Calculating the Home-office Deduction

If a space qualifies as a home office, both direct and indirect expenses are deductible, subject to the income limitation discussed below. Direct expenses (e.g., repairs made to the room used for business) are all attributable to business. Expenses that benefit the entire home (e.g., utilities, insurance, interest, property taxes or depreciation) are deducted prorata based on the home office use relative to the total. Often, this allocation is based on square footage, but other methods may be used if more appropriate.

Caution: A portion of most utilities can be deducted if a home office qualifies for deduction. But, the basic charge (including taxes) for the first telephone line provided to a residence is always a personal expense [IRC Sec. 262(b)]. Business long distance charges related to this line plus the business portion of any additional lines to the residence should be deductible.

Net Income Limitation. Home-office deductions (with the exception of otherwise deductible items like mortgage interest and taxes) are limited to the business's net income [IRC Sec. 280A(c)(5)]. The limitation is applied by deducting the business-use portion of the home office expenses in the following order:
(1) expenses allowable as a deduction in any case (e.g., mortgage interest and property taxes), which are fully deductible even if they exceed the business's net income; (2) other expenses, except for depreciation; and (3) depreciation [Prop. Reg. 1.280A-2(i)(5)]. Excess expenses from categories 2. and 3. can be carried forward, but the net income limitation applies in each succeeding year.

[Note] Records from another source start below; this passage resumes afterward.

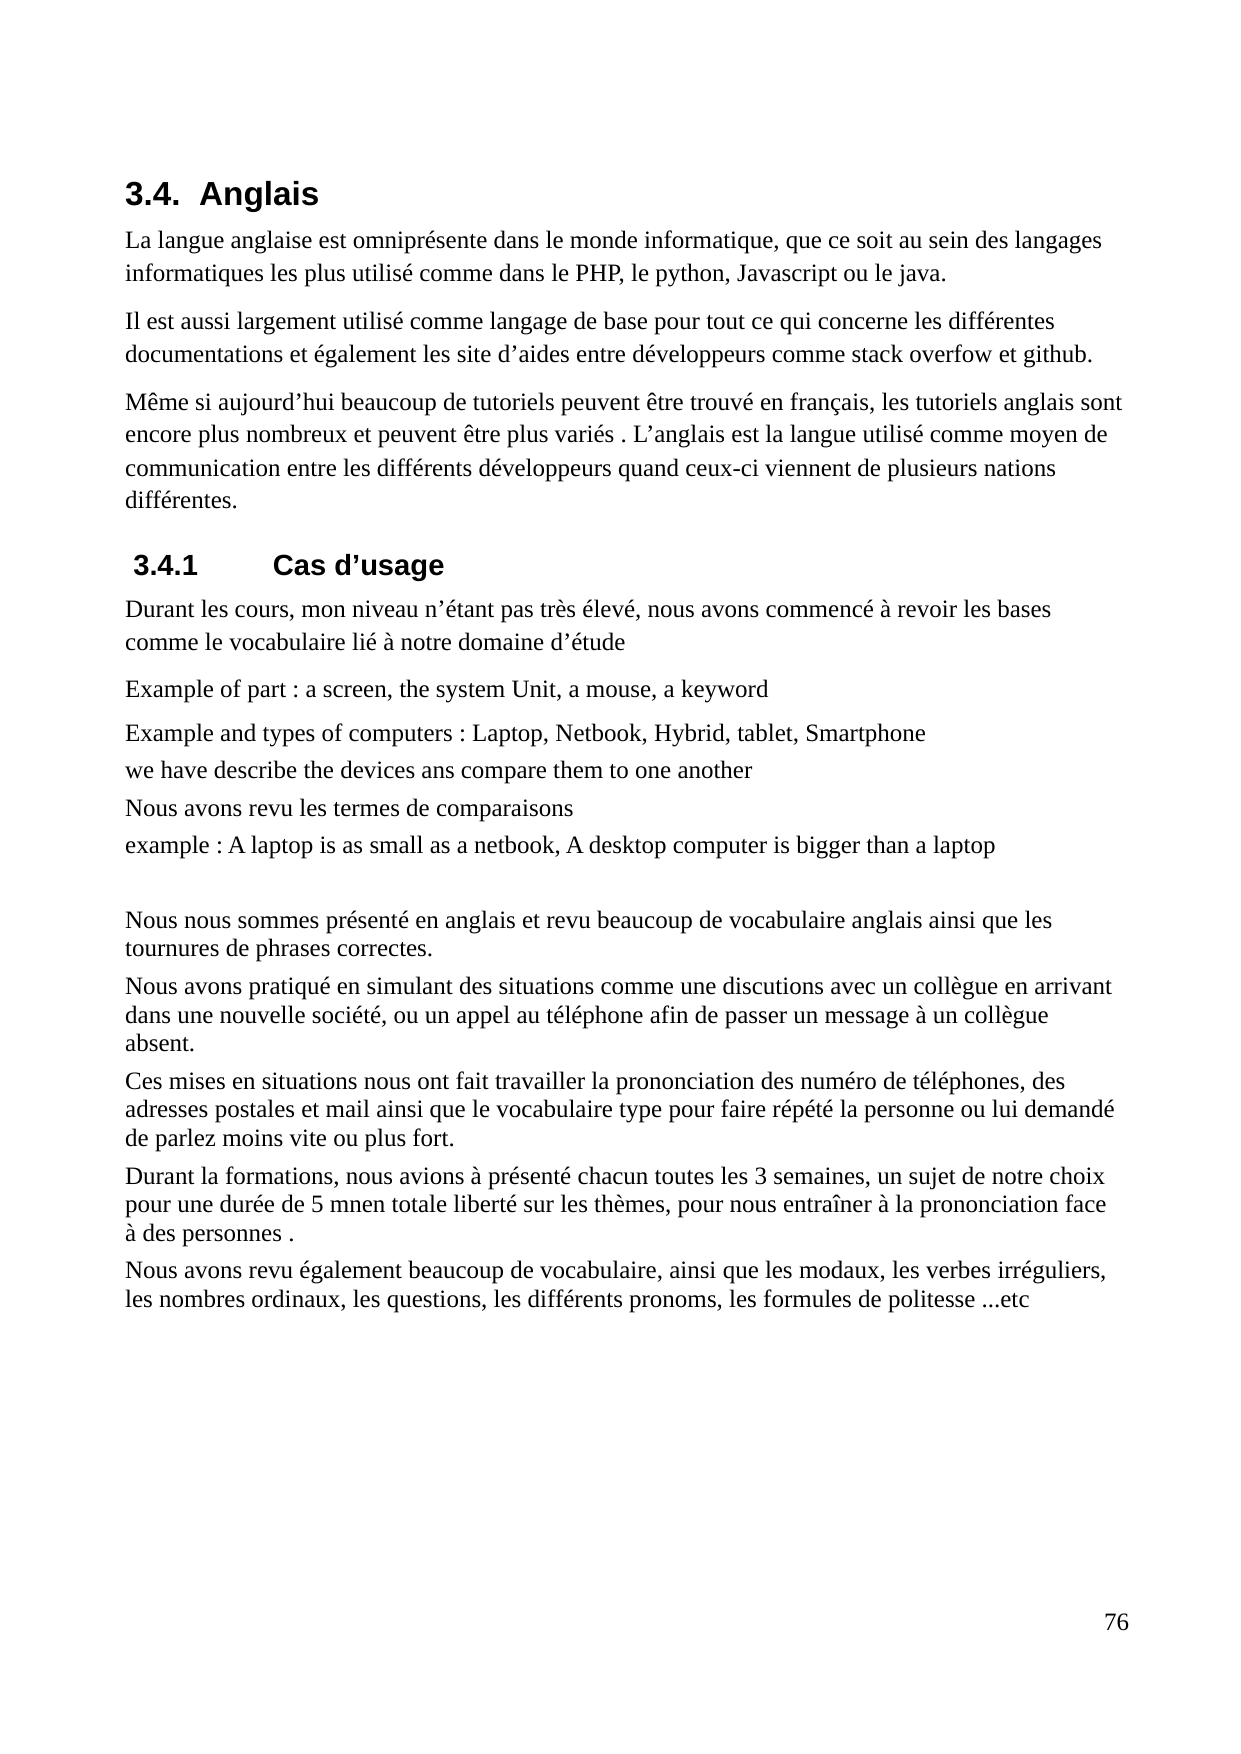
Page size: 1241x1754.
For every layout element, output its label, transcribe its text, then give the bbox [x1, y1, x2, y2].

text Durant la formations, nous avions à présenté chacun toutes les 3 semaines, un sujet de notre choix pour une durée de 5 mnen totale liberté sur les thèmes, pour nous entraîner à la prononciation face à des personnes . [125, 1161, 1123, 1247]
text Il est aussi largement utilisé comme langage de base pour tout ce qui concerne les différentes documentations et également les site d’aides entre développeurs comme stack overfow et github. [125, 306, 1123, 368]
text Ces mises en situations nous ont fait travailler la prononciation des numéro de téléphones, des adresses postales et mail ainsi que le vocabulaire type pour faire répété la personne ou lui demandé de parlez moins vite ou plus fort. [125, 1066, 1123, 1152]
text example : A laptop is as small as a netbook, A desktop computer is bigger than a laptop [125, 830, 1123, 859]
text Example and types of computers : Laptop, Netbook, Hybrid, tablet, Smartphone [125, 718, 1123, 747]
text Nous nous sommes présenté en anglais et revu beaucoup de vocabulaire anglais ainsi que les tournures de phrases correctes. [125, 905, 1123, 962]
text Nous avons pratiqué en simulant des situations comme une discutions avec un collègue en arrivant dans une nouvelle société, ou un appel au téléphone afin de passer un message à un collègue absent. [125, 971, 1123, 1057]
text Nous avons revu également beaucoup de vocabulaire, ainsi que les modaux, les verbes irréguliers, les nombres ordinaux, les questions, les différents pronoms, les formules de politesse ...etc [125, 1256, 1123, 1313]
text Example of part : a screen, the system Unit, a mouse, a keyword [125, 674, 1123, 703]
text Même si aujourd’hui beaucoup de tutoriels peuvent être trouvé en français, les tutoriels anglais sont encore plus nombreux et peuvent être plus variés . L’anglais est la langue utilisé comme moyen de communication entre les différents développeurs quand ceux-ci viennent de plusieurs nations différentes. [125, 387, 1123, 514]
text Nous avons revu les termes de comparaisons [125, 793, 1123, 821]
subtitle Anglais [125, 174, 1123, 213]
subtitle Cas d’usage [125, 548, 1123, 581]
text Durant les cours, mon niveau n’étant pas très élevé, nous avons commencé à revoir les bases comme le vocabulaire lié à notre domaine d’étude [125, 594, 1123, 656]
text we have describe the devices ans compare them to one another [125, 755, 1123, 784]
text La langue anglaise est omniprésente dans le monde informatique, que ce soit au sein des langages informatiques les plus utilisé comme dans le PHP, le python, Javascript ou le java. [125, 225, 1123, 287]

Self-employed taxpayers deduct their expenses (including the business portion of expenses deductible regardless of the taxpayer's trade or business activities) "above the line." For employees, home-office deductions are generally itemized miscellaneous deductions, subject to the 2% of AGI floor. But, qualified residential interest and taxes aren't subject to the 2% of AGI limitation. However, the business portion of these expenses reduces the business income available for offset by other home-office deductions.

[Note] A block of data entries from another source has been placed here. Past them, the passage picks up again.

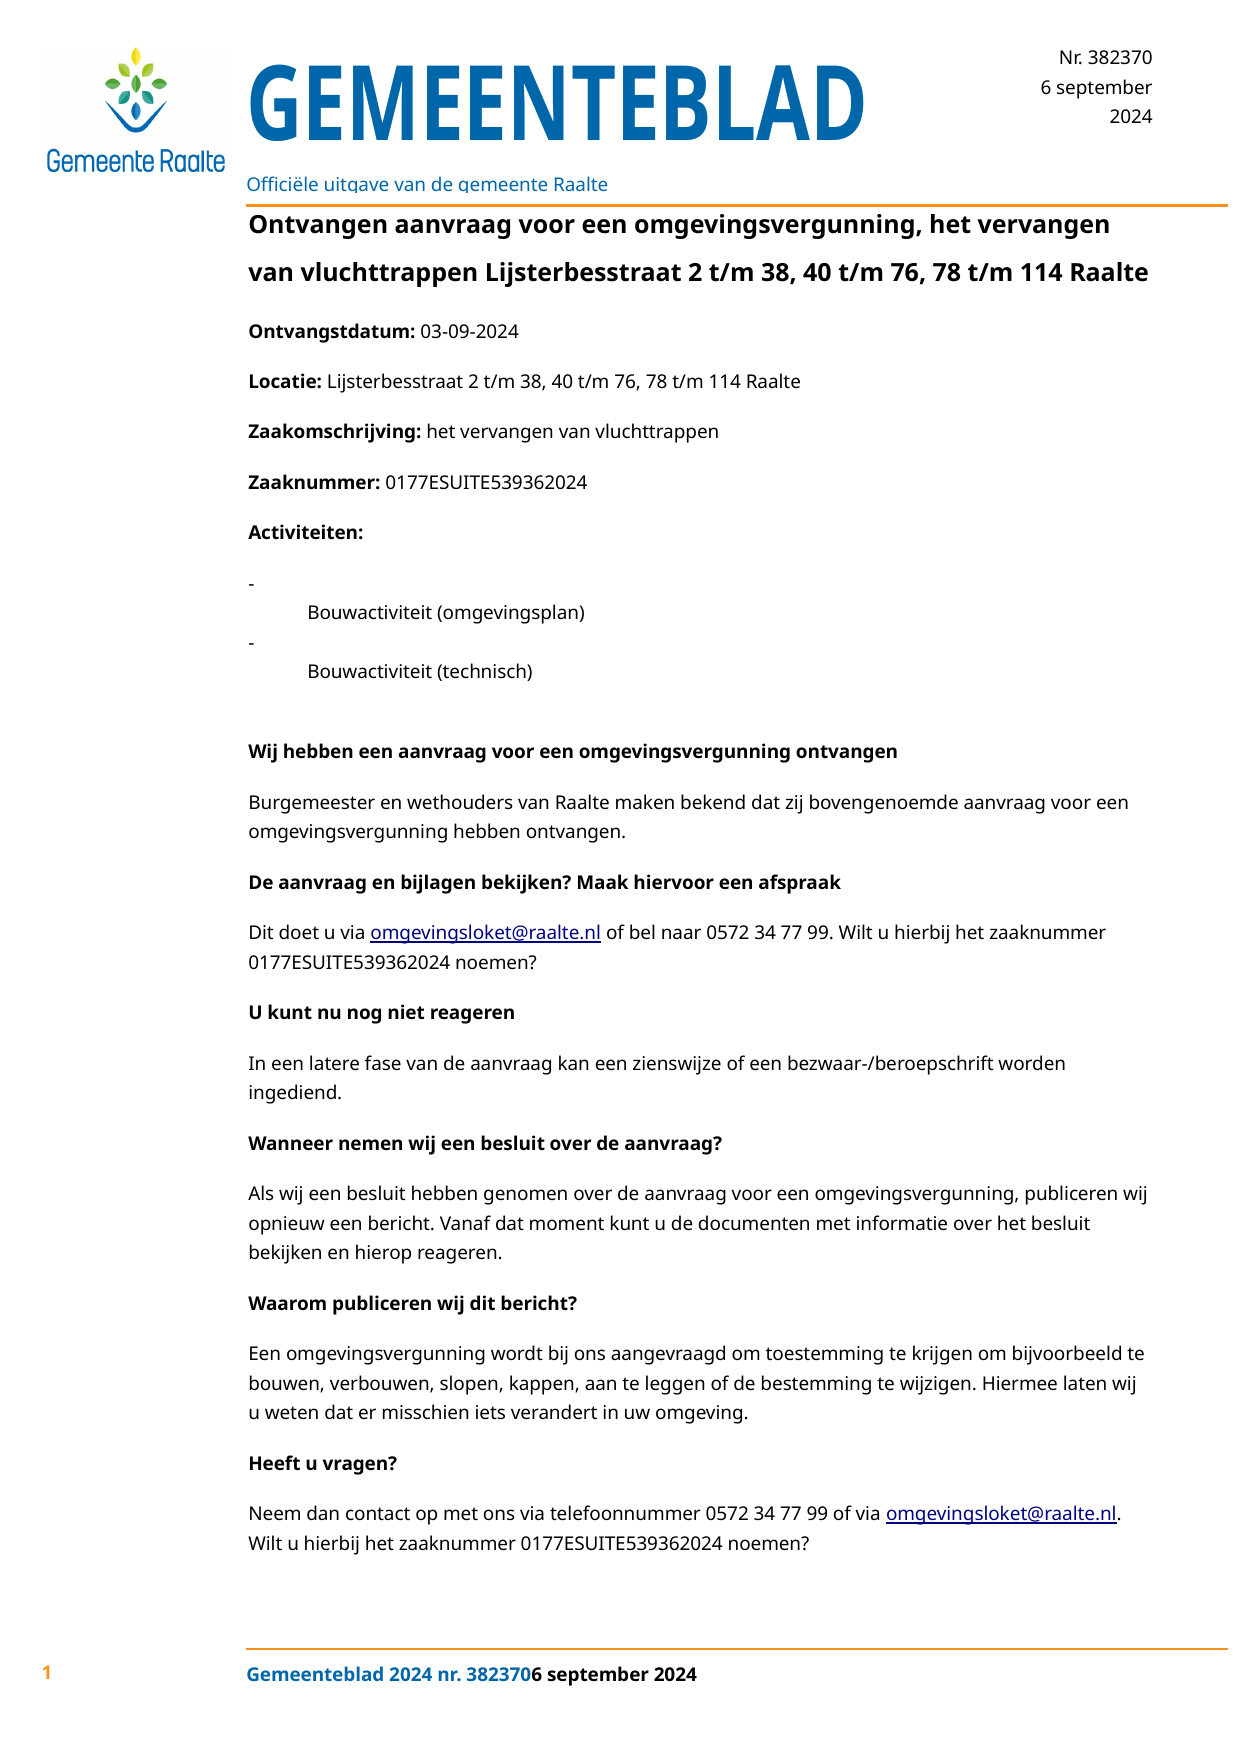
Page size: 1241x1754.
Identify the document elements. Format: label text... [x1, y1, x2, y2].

text Waarom publiceren wij dit bericht? [248, 1290, 1152, 1316]
text Burgemeester en wethouders van Raalte maken bekend dat zij bovengenoemde aanvraag voor een omgevingsvergunning hebben ontvangen. [248, 789, 1152, 844]
text Zaakomschrijving: het vervangen van vluchttrappen [248, 419, 1152, 444]
text U kunt nu nog niet reageren [248, 999, 1152, 1025]
text Ontvangstdatum: 03-09-2024 [248, 318, 1152, 344]
text Locatie: Lijsterbesstraat 2 t/m 38, 40 t/m 76, 78 t/m 114 Raalte [248, 368, 1152, 394]
text Dit doet u via omgevingsloket@raalte.nl of bel naar 0572 34 77 99. Wilt u hierbij het zaaknummer 0177ESUITE539362024 noemen? [248, 919, 1152, 975]
list Bouwactiviteit (technisch) [248, 659, 1152, 684]
text Ontvangen aanvraag voor een omgevingsvergunning, het vervangen van vluchttrappen Lijsterbesstraat 2 t/m 38, 40 t/m 76, 78 t/m 114 Raalte [248, 207, 1152, 288]
picture [41, 47, 231, 172]
text Neem dan contact op met ons via telefoonnummer 0572 34 77 99 of via omgevingsloket@raalte.nl. Wilt u hierbij het zaaknummer 0177ESUITE539362024 noemen? [248, 1500, 1152, 1556]
text Zaaknummer: 0177ESUITE539362024 [248, 469, 1152, 495]
text Heeft u vragen? [248, 1450, 1152, 1476]
text Wanneer nemen wij een besluit over de aanvraag? [248, 1130, 1152, 1156]
text Activiteiten: [248, 519, 1152, 545]
text De aanvraag en bijlagen bekijken? Maak hiervoor een afspraak [248, 869, 1152, 895]
text Wij hebben een aanvraag voor een omgevingsvergunning ontvangen [248, 739, 1152, 764]
list Bouwactiviteit (omgevingsplan) [248, 599, 1152, 625]
text Een omgevingsvergunning wordt bij ons aangevraagd om toestemming te krijgen om bijvoorbeeld te bouwen, verbouwen, slopen, kappen, aan te leggen of de bestemming te wijzigen. Hiermee laten wij u weten dat er misschien iets verandert in uw omgeving. [248, 1340, 1152, 1425]
text In een latere fase van de aanvraag kan een zienswijze of een bezwaar-/beroepschrift worden ingediend. [248, 1050, 1152, 1105]
text Als wij een besluit hebben genomen over de aanvraag voor een omgevingsvergunning, publiceren wij opnieuw een bericht. Vanaf dat moment kunt u de documenten met informatie over het besluit bekijken en hierop reageren. [248, 1180, 1152, 1265]

How a Deductible Home Office Affects the Home Sale Gain Exclusion

Generally, taxpayers can exclude up to $250,000 ($500,000 for joint filers) of gain on the sale of a principal residence used as such for at least 2 of the 5 years preceding the sale. This exclusion applies even if part of the dwelling was used as a deductible home office. However, the exclusion doesn't apply to a home office that's in a separate dwelling, nor does it apply to depreciation deductions for periods after 5/6/97 [IRC Sec. 121(d)(6)]. Instead, that depreciation (i.e., unrecaptured Section 1250 gain) is taxed (generally subject to a 25% maximum tax rate) to the extent gain is realized on the home's eventual sale. This applies to depreciation that is allowed or allowable. Gain can't be avoided by foregoing depreciation deductions [IRC Secs. 121(d)(6) and 1250(b)(3)]. Still, that's not a bad deal, considering the depreciation generated a benefit at the ordinary income rate, but is recaptured as income subject to a 25% maximum rate. And, that doesn't even consider the time value of money.

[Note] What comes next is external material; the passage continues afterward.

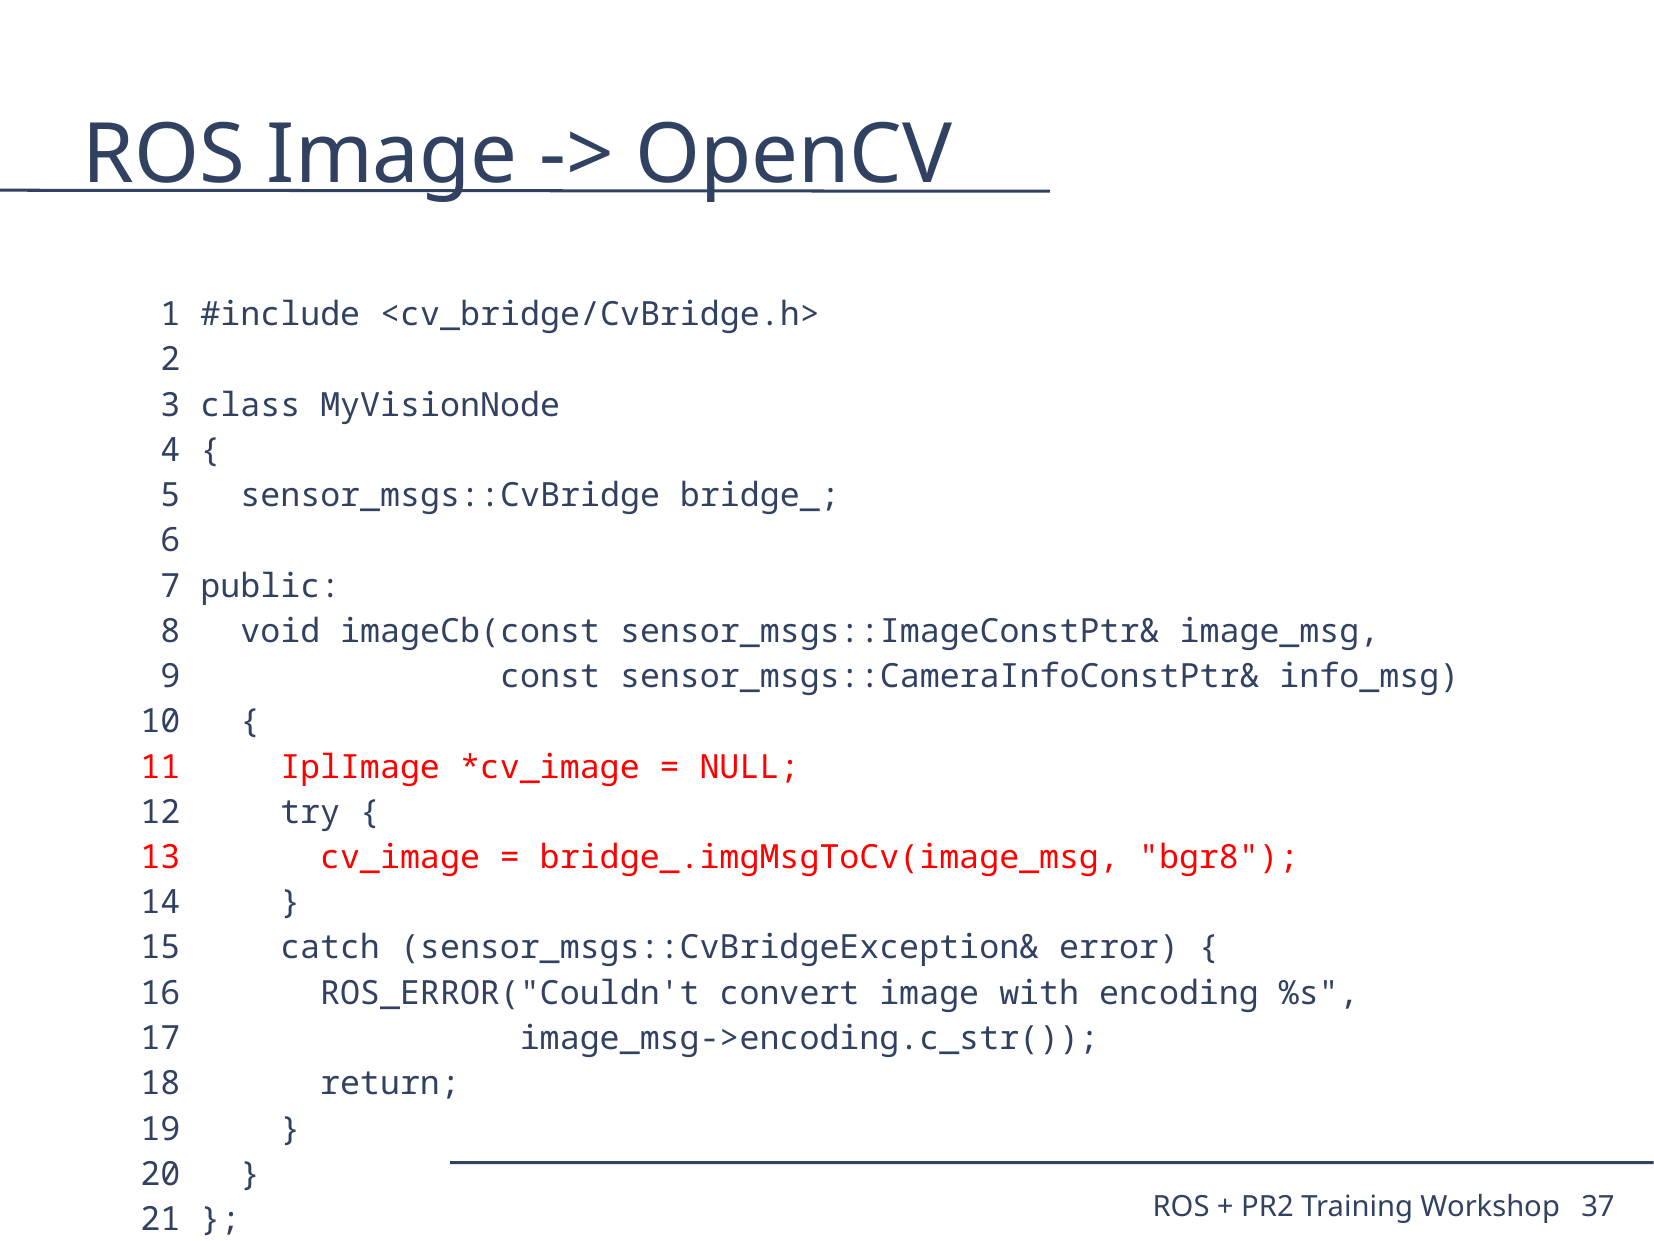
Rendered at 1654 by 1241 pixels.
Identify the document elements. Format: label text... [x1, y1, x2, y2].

list 1 #include <cv_bridge/CvBridge.h> 2 3 class MyVisionNode 4 { 5 sensor_msgs::CvBridge bridge_; 6 7 public: 8 void imageCb(const sensor_msgs::ImageConstPtr& image_msg, 9 const sensor_msgs::CameraInfoConstPtr& info_msg) 10 { 11 IplImage *cv_image = NULL; 12 try { 13 cv_image = bridge_.imgMsgToCv(image_msg, "bgr8"); 14 } 15 catch (sensor_msgs::CvBridgeException& error) { 16 ROS_ERROR("Couldn't convert image with encoding %s", 17 image_msg->encoding.c_str()); 18 return; 19 } 20 } 21 }; [82, 290, 1571, 1109]
title ROS Image -> OpenCV [82, 75, 1571, 226]

Example 3: James has used part of his home as a deductible office ever since he bought it 9 years ago. He has deducted $12,000 of post-5/6/97 depreciation on the home office. In 2004, he sells the home at a $150,000 gain. James meets the 2-out-of-5 year test for the part of his home not used as an office. Because the office is in the same dwelling unit as the residential portion of the home, James reports a single gain of $150,000, of which he excludes $138,000 ($150,000 - $12,000 unrecaptured Section 1250 gain, which is subject to a 25% maximum rate).